Drivers will have to be modified, but the changes to driver code should be
pretty easy. What will be slightly trickier will be changing blk-mq to handle
requests that are only partially completed; that will be harder than it would
have been before blk-mq, since the old request queue code used to handle
partially completed requests - not much work would have to be done that code.

I'm not very familiar with the blk-mq code, so Jens would be better qualified to
say how best to change that code. The basic idea would probably be the same as
how bios how have a refcount - bi_remaining - to track splits/completions.

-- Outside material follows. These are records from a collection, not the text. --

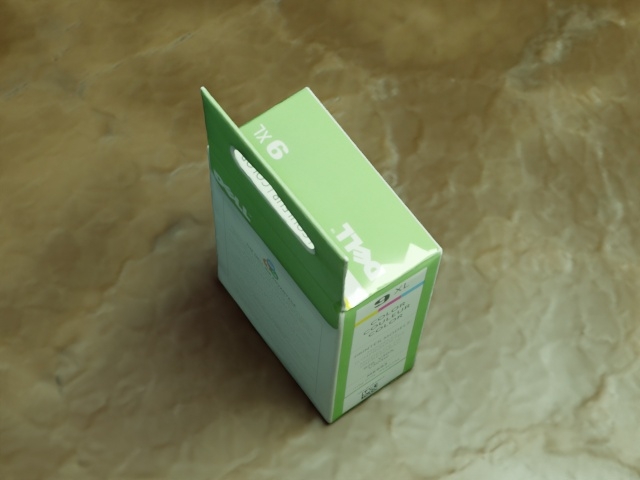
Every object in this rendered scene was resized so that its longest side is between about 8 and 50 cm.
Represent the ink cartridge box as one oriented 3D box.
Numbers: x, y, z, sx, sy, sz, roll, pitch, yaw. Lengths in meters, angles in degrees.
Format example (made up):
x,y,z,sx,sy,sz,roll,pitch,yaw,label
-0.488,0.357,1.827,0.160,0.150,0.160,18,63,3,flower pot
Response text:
x,y,z,sx,sy,sz,roll,pitch,yaw,label
0.000,0.000,0.761,0.062,0.209,0.109,-33,69,-15,ink cartridge box
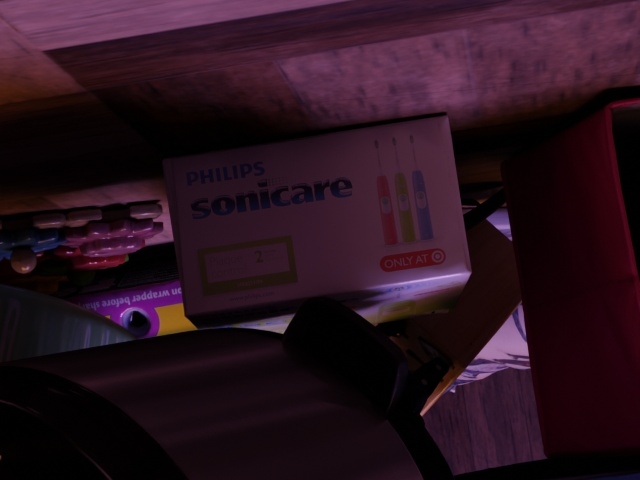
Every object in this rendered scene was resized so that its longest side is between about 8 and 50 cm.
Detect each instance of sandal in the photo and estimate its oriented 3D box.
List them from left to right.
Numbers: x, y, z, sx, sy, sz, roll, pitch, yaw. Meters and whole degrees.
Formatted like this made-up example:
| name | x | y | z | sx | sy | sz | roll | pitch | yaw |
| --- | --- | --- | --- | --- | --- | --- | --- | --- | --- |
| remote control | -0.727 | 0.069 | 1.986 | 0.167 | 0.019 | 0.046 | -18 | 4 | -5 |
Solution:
| name | x | y | z | sx | sy | sz | roll | pitch | yaw |
| --- | --- | --- | --- | --- | --- | --- | --- | --- | --- |
| sandal | 0.089 | -0.011 | 1.791 | 0.179 | 0.040 | 0.067 | -26 | -177 | 17 |

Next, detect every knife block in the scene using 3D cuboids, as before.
| name | x | y | z | sx | sy | sz | roll | pitch | yaw |
| --- | --- | --- | --- | --- | --- | --- | --- | --- | --- |
| knife block | 0.094 | 0.082 | 1.726 | 0.275 | 0.088 | 0.242 | -47 | 176 | -11 |

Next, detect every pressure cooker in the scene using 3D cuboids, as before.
| name | x | y | z | sx | sy | sz | roll | pitch | yaw |
| --- | --- | --- | --- | --- | --- | --- | --- | --- | --- |
| pressure cooker | -0.100 | 0.249 | 1.353 | 0.370 | 0.375 | 0.420 | -18 | 174 | 33 |

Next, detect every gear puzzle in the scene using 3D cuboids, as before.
| name | x | y | z | sx | sy | sz | roll | pitch | yaw |
| --- | --- | --- | --- | --- | --- | --- | --- | --- | --- |
| gear puzzle | -0.247 | 0.024 | 1.723 | 0.175 | 0.044 | 0.339 | -6 | 172 | -17 |

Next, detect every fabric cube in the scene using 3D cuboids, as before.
| name | x | y | z | sx | sy | sz | roll | pitch | yaw |
| --- | --- | --- | --- | --- | --- | --- | --- | --- | --- |
| fabric cube | 0.309 | 0.027 | 1.523 | 0.254 | 0.259 | 0.258 | -7 | 174 | -14 |

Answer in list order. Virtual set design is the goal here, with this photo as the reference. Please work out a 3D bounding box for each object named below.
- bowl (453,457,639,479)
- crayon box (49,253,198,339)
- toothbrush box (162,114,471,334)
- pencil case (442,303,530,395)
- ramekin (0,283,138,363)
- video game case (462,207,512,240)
| name | x | y | z | sx | sy | sz | roll | pitch | yaw |
| --- | --- | --- | --- | --- | --- | --- | --- | --- | --- |
| bowl | 0.256 | 0.203 | 1.543 | 0.391 | 0.077 | 0.391 | -8 | 176 | -1 |
| crayon box | -0.138 | 0.177 | 1.926 | 0.363 | 0.313 | 0.106 | -9 | -165 | 11 |
| toothbrush box | 0.000 | 0.000 | 1.518 | 0.206 | 0.122 | 0.283 | -8 | 171 | -1 |
| pencil case | 0.203 | 0.081 | 2.194 | 0.183 | 0.160 | 0.410 | 17 | 160 | -32 |
| ramekin | -0.292 | 0.142 | 1.730 | 0.303 | 0.148 | 0.303 | 8 | 161 | 3 |
| video game case | 0.118 | -0.004 | 1.993 | 0.201 | 0.023 | 0.183 | -2 | 170 | -40 |
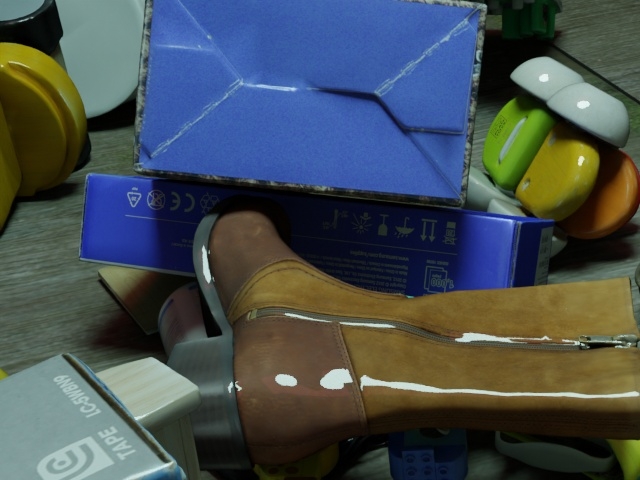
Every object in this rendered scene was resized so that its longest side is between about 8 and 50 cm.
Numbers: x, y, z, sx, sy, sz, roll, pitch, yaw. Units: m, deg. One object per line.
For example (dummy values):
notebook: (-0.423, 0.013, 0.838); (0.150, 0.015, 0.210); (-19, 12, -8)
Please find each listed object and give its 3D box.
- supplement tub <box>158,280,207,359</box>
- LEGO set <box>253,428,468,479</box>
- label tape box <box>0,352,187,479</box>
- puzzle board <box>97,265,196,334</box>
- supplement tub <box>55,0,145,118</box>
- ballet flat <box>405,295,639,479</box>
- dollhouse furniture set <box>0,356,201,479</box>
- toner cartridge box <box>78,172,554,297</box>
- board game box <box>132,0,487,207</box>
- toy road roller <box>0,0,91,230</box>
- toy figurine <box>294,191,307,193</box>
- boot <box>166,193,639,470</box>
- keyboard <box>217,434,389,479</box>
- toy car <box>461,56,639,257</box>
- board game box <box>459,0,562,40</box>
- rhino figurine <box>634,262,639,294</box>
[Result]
supplement tub: (-0.081, 0.082, 0.928); (0.071, 0.071, 0.107); (-12, 28, -11)
LEGO set: (0.015, 0.166, 0.730); (0.227, 0.087, 0.093); (-4, 27, 7)
label tape box: (-0.185, 0.219, 0.409); (0.334, 0.240, 0.106); (-25, 31, -24)
puzzle board: (-0.131, 0.041, 1.082); (0.096, 0.011, 0.128); (-17, 30, -23)
supplement tub: (-0.277, -0.306, 1.530); (0.241, 0.241, 0.331); (-2, 28, 8)
ballet flat: (0.117, 0.104, 0.824); (0.231, 0.077, 0.077); (21, 50, 20)
dollhouse furniture set: (-0.234, 0.156, 0.679); (0.286, 0.198, 0.303); (-26, 33, -34)
toner cartridge box: (0.000, 0.000, 0.986); (0.348, 0.075, 0.165); (7, 2, 20)
board game box: (-0.013, -0.110, 0.965); (0.232, 0.141, 0.291); (6, 3, -2)
toy road roller: (-0.406, -0.124, 1.263); (0.330, 0.202, 0.240); (-1, 38, 7)
toy figurine: (-0.073, -0.090, 1.153); (0.173, 0.159, 0.130); (13, 28, 28)
boot: (0.055, 0.036, 0.779); (0.280, 0.096, 0.264); (-7, 24, 8)
keyboard: (0.011, 0.119, 0.875); (0.192, 0.038, 0.100); (-25, 33, -31)
toy car: (0.217, -0.064, 1.097); (0.136, 0.159, 0.182); (21, 16, -25)
board game box: (0.073, -0.293, 1.452); (0.390, 0.050, 0.390); (3, -1, 16)
rhino figurine: (0.357, 0.017, 0.963); (0.243, 0.073, 0.106); (-15, 32, -20)
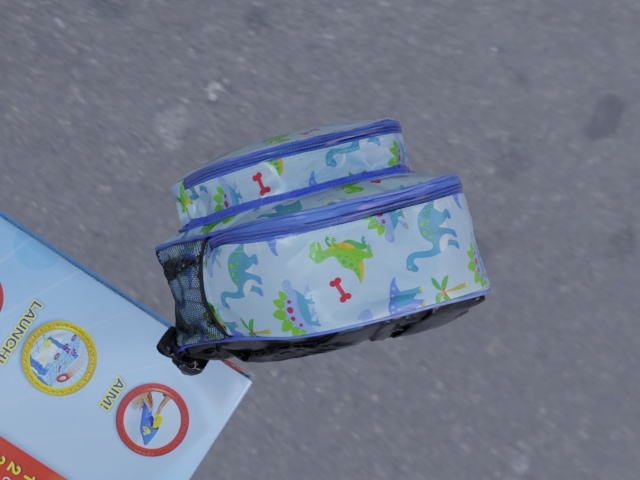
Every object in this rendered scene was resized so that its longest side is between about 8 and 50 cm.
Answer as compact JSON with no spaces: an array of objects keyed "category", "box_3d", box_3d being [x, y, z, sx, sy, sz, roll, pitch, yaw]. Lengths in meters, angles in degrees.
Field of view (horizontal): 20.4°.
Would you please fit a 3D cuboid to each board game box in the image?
[{"category":"board game box","box_3d":[-0.248,0.125,1.029,0.302,0.086,0.308,34,83,-4]}]

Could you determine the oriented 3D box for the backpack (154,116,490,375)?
[{"category":"backpack","box_3d":[0.000,0.000,0.662,0.105,0.114,0.084,-15,94,-28]}]
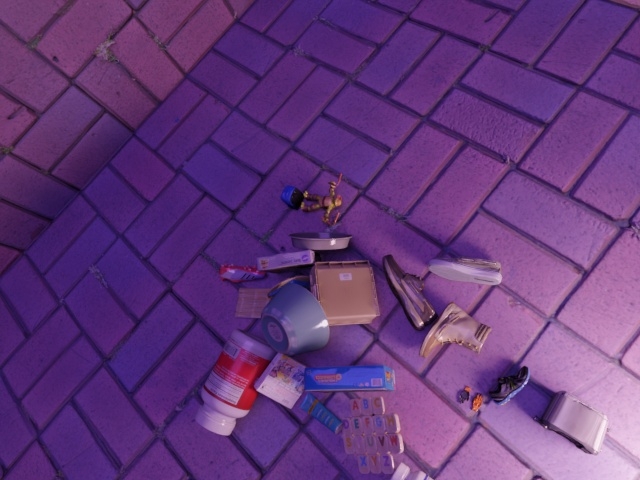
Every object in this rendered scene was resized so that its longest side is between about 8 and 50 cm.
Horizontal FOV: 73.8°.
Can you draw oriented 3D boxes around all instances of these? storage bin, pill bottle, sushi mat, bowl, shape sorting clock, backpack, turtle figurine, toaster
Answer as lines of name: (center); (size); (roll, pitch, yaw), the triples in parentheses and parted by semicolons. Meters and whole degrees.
storage bin: (0.098, 0.228, 1.863); (0.263, 0.123, 0.260); (-1, 67, -13)
pill bottle: (0.381, 0.948, 1.552); (0.272, 0.152, 0.152); (30, 82, 24)
sushi mat: (-0.264, 0.303, 2.063); (0.317, 0.019, 0.151); (-1, 71, 17)
pill bottle: (-0.372, 0.615, 1.865); (0.229, 0.229, 0.407); (23, 79, 23)
bowl: (-0.129, 0.350, 1.761); (0.312, 0.311, 0.163); (39, 43, 25)
shape sorting clock: (-0.144, 0.212, 1.932); (0.207, 0.206, 0.040); (-24, 68, 8)
backpack: (-0.152, -0.221, 2.165); (0.101, 0.120, 0.097); (14, 76, 21)
turtle figurine: (0.020, -0.203, 2.125); (0.218, 0.087, 0.269); (4, 80, 26)
toaster: (0.898, 0.641, 1.522); (0.227, 0.129, 0.146); (28, 77, 26)

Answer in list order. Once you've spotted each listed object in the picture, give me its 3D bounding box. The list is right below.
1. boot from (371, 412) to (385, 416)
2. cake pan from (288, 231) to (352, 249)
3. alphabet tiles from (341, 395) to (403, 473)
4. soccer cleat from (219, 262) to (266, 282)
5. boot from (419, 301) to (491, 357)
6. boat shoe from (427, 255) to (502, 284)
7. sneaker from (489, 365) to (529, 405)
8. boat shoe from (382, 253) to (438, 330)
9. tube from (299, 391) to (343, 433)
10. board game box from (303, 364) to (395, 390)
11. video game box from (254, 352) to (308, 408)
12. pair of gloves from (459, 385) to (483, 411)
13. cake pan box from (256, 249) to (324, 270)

If
requests (in blk-mq land) don't have such a refcount (they don't appear to), it
will have to be added.

From a quick glance, blk_mq_complete_request() is where the refcount put will
have to be added. I haven't found where requests are popped off the request
queue in blk-mq land yet - the code will have to be changed to only do that once
the request has been fully mapped and submitted by the driver.